If life were just about cozy socks, maybe adding hot chocolate, reading material and a log on the fire would give most of us enough peace for a long time. But the socks eventually need changing, the chocolate is enjoyed and the log burns down. The book is read. Yet the story is not over since the moment, if we are lucky to have it, is but a page in life.
It took a snowstorm to bring the metaphorical equivalent of that moment to me in my particular part of the Northeast where a relatively weak but genuine “blizzard” hit us for the first time in decades. We have had plenty of snowstorms and drifting over the years but not such fierce winds that even just a foot or so of snow was made into mountains here and there. Bitter cold, too.
Travelers returning to home and hearth after the Christmas holiday were caught in the storm, though most people were able to sit within and chill out, the Sunday after set to 33 1/3 rpm rather than 78, the stomach satiated enough that it could rest and sufficient presents to keep children occupied and out of the SUVs where all too many seem to spend all too much time going to their numerous appointments.
I did not cozy up to a book, though other family members, good readers all, were happy to do so. I did not change into cozy socks though I received a few pairs under the tree, and I am not a hot chocolate fan. But a good microbrew, a newspaper and three pairs of already washed socks brought the purring on in my quiet moment, stolen from the fast pace of life as if I were on a fast train that had pulled into a siding.

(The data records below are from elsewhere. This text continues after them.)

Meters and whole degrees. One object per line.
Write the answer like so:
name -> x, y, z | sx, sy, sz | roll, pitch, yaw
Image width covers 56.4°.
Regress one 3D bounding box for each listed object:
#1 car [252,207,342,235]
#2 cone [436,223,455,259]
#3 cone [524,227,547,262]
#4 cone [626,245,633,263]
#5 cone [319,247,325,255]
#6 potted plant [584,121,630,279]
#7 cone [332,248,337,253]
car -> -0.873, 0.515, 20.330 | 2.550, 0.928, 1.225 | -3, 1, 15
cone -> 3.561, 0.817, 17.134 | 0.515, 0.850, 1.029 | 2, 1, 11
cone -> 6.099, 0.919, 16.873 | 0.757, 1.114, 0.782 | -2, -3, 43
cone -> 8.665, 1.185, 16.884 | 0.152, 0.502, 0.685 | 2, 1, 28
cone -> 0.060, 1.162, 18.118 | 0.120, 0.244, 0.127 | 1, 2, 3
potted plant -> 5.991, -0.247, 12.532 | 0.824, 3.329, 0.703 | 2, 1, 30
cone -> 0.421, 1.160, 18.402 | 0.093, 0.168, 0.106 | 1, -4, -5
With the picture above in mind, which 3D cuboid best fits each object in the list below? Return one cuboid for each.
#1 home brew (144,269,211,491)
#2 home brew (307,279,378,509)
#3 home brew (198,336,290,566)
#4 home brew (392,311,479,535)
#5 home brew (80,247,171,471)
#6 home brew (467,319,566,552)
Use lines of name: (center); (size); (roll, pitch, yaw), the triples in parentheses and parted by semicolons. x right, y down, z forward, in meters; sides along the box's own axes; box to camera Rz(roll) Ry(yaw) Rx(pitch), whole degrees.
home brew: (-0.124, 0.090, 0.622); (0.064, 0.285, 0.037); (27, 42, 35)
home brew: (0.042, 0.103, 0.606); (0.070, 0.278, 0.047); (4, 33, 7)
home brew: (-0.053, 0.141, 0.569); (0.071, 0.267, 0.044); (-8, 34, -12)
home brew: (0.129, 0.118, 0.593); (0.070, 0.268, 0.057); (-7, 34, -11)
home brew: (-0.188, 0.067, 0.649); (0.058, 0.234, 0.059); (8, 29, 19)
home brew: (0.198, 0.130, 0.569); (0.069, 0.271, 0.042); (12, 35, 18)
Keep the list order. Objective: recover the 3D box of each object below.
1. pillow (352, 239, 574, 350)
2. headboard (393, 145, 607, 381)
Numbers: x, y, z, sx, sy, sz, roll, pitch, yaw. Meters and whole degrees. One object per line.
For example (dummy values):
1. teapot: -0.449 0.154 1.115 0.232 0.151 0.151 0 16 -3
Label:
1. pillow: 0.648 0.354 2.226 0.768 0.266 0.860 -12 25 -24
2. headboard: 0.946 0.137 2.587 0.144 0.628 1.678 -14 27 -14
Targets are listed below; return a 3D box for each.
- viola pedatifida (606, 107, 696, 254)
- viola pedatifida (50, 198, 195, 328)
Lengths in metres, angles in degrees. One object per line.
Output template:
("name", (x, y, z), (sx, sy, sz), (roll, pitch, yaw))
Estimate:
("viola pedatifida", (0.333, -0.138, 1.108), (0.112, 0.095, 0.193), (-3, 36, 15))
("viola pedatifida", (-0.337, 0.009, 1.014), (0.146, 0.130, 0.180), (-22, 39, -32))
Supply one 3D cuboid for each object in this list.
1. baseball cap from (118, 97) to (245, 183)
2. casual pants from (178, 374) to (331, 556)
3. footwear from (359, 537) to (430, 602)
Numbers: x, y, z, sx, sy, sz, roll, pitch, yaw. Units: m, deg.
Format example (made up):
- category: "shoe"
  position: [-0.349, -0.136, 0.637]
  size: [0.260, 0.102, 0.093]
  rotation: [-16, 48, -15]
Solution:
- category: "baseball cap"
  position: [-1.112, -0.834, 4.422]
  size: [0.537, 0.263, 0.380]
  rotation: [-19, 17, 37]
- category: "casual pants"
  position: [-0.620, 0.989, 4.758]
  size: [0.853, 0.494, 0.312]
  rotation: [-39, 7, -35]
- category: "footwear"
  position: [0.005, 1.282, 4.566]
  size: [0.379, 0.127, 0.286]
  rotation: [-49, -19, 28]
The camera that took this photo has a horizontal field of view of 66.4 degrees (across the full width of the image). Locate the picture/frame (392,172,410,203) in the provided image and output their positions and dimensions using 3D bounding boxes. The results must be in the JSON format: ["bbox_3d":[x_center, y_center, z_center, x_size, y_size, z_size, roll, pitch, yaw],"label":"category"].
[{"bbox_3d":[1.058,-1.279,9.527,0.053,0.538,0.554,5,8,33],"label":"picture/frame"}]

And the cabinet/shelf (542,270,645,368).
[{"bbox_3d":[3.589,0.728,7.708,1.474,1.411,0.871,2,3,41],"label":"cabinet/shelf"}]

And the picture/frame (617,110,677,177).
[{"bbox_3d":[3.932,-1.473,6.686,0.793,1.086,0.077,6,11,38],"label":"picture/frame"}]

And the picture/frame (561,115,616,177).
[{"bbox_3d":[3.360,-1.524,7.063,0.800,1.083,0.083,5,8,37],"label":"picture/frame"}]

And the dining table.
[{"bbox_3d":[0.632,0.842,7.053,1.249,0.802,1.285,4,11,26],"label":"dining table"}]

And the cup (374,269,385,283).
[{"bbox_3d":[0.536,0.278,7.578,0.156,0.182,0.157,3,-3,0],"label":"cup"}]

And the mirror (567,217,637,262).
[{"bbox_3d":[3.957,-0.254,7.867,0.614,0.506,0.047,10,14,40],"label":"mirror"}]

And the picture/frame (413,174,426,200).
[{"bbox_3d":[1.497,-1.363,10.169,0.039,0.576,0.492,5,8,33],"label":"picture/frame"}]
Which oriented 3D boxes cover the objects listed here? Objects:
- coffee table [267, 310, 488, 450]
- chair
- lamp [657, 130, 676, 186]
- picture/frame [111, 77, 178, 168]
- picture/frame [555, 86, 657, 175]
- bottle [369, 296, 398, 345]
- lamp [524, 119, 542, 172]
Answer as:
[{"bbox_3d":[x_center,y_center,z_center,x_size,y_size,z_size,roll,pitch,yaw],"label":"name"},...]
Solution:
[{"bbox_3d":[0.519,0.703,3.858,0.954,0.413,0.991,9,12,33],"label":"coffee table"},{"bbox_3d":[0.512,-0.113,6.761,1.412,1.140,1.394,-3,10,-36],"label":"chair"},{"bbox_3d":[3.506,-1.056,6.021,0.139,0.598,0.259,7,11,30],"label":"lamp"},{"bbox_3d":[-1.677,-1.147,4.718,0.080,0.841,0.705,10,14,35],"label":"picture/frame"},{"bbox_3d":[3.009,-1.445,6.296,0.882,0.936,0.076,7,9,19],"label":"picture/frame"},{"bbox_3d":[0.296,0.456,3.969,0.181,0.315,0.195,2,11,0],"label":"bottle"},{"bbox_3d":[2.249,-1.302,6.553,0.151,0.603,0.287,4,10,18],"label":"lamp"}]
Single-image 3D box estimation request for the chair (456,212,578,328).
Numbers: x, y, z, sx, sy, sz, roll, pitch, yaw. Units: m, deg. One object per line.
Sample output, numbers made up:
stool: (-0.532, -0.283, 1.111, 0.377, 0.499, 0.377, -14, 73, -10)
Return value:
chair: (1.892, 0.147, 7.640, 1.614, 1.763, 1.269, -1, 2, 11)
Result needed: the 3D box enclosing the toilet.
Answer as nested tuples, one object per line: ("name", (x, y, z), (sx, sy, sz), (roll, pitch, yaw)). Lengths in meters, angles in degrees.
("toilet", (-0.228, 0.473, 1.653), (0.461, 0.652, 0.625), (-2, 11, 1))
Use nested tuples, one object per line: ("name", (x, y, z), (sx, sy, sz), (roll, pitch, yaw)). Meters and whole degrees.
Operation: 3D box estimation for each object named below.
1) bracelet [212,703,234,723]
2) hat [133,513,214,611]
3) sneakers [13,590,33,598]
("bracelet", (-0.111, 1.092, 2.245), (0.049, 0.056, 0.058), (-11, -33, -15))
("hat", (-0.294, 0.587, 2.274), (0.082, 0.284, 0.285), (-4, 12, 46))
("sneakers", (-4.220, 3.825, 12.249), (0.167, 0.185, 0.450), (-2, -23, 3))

There I remained for a good part of the day, happy that the hands of the clock did not move so fast, happy that I barely looked at the time. I sought no complication, did not push my brain to rack over political mistakes in my beloved country. I just put my being on autopilot and perused – did not study – the paper. The beer was not swished but sipped, and my three pairs of socks, regulation uniform on a cold day, constantly telegraphed that they were keeping my feet warm. Reassurance of blessed simplicity
What more could I want in my quiet? Not a thing, except perhaps that it last a bit longer.